== Records for the exercise ==
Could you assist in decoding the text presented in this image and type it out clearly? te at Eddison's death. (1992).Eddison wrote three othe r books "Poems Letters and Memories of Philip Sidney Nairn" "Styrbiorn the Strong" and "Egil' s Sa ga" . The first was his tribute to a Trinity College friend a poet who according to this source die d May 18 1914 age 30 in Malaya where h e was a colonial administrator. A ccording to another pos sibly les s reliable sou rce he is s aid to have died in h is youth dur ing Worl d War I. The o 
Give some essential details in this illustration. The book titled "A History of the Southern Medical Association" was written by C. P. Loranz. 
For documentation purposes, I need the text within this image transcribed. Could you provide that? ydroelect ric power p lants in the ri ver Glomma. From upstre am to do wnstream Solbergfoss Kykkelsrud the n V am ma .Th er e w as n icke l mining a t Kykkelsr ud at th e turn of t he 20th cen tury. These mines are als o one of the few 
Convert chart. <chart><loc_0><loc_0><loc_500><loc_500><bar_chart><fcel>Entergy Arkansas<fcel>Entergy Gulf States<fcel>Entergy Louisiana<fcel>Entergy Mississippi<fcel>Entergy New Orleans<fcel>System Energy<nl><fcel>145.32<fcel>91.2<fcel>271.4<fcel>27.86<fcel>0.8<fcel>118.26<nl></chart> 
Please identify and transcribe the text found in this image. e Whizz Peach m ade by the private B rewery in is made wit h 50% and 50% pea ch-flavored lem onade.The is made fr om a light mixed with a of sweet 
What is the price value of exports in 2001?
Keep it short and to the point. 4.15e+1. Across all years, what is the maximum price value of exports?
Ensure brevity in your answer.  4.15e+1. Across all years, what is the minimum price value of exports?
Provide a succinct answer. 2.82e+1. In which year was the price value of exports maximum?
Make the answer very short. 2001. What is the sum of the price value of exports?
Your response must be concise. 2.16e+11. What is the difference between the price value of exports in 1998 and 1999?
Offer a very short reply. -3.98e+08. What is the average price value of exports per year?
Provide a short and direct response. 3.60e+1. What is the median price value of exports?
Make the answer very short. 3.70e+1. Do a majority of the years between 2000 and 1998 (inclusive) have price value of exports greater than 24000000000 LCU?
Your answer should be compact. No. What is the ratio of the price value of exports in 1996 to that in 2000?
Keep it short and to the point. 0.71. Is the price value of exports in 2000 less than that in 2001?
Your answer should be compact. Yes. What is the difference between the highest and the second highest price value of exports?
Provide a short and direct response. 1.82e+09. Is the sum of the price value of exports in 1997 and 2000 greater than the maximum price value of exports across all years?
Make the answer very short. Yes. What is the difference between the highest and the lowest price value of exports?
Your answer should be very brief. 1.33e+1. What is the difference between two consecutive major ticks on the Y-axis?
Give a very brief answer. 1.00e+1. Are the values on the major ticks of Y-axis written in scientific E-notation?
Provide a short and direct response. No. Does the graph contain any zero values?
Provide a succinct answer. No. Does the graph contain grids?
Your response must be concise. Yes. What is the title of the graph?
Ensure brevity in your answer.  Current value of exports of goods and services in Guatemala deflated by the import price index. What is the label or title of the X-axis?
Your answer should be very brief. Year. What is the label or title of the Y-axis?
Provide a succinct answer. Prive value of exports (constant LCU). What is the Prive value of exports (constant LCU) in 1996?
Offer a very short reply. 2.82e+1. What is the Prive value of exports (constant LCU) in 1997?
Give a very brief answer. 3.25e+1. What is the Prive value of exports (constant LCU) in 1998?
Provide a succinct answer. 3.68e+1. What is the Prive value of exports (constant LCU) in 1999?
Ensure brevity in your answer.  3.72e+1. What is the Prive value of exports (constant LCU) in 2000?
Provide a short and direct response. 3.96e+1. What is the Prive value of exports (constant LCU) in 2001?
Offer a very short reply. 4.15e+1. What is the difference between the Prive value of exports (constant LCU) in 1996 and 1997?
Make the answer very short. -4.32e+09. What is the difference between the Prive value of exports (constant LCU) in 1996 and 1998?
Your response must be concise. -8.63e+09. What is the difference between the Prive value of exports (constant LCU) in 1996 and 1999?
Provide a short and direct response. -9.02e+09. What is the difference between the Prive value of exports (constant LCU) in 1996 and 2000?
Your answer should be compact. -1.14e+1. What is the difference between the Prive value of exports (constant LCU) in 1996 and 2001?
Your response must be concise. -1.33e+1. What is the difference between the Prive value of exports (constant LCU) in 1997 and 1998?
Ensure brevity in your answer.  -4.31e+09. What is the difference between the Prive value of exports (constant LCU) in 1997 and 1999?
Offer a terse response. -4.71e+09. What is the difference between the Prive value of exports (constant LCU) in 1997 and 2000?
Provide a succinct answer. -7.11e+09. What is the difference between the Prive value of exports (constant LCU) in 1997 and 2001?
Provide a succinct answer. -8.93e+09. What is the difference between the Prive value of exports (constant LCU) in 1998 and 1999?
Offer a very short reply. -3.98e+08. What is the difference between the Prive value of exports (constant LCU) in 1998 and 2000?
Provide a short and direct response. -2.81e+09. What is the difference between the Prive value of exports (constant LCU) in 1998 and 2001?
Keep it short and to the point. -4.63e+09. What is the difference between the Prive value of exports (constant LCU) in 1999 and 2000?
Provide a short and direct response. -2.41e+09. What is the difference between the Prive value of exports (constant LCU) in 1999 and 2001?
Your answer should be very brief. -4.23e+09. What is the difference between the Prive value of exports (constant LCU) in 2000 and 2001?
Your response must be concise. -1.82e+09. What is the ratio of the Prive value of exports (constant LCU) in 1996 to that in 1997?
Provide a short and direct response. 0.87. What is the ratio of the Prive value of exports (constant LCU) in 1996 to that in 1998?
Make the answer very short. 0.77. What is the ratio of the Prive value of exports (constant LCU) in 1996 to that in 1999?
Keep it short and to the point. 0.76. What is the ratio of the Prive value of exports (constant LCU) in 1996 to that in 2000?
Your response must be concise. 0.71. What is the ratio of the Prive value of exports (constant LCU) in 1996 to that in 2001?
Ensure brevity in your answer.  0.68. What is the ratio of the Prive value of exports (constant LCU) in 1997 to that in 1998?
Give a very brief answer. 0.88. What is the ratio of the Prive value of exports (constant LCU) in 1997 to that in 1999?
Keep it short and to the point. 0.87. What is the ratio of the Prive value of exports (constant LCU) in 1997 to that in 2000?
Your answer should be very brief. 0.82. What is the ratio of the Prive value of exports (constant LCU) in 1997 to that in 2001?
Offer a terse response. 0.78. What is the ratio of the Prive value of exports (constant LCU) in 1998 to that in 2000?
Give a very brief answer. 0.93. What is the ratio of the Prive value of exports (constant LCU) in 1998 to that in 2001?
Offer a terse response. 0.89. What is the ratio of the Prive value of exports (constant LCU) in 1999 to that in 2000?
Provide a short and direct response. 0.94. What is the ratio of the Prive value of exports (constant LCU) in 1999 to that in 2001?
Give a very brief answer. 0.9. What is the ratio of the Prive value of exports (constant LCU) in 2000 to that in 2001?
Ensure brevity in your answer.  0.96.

== Problem statement ==
Please, from the entries above, set down exactly the lines from the one containing "Keep it short and to the point. 0.71." through the one containing "Your answer should be very brief. Year.", and only those.

== Reply to the task ==
Keep it short and to the point. 0.71. Is the price value of exports in 2000 less than that in 2001?
Your answer should be compact. Yes. What is the difference between the highest and the second highest price value of exports?
Provide a short and direct response. 1.82e+09. Is the sum of the price value of exports in 1997 and 2000 greater than the maximum price value of exports across all years?
Make the answer very short. Yes. What is the difference between the highest and the lowest price value of exports?
Your answer should be very brief. 1.33e+1. What is the difference between two consecutive major ticks on the Y-axis?
Give a very brief answer. 1.00e+1. Are the values on the major ticks of Y-axis written in scientific E-notation?
Provide a short and direct response. No. Does the graph contain any zero values?
Provide a succinct answer. No. Does the graph contain grids?
Your response must be concise. Yes. What is the title of the graph?
Ensure brevity in your answer.  Current value of exports of goods and services in Guatemala deflated by the import price index. What is the label or title of the X-axis?
Your answer should be very brief. Year. What is the label or title of the Y-axis?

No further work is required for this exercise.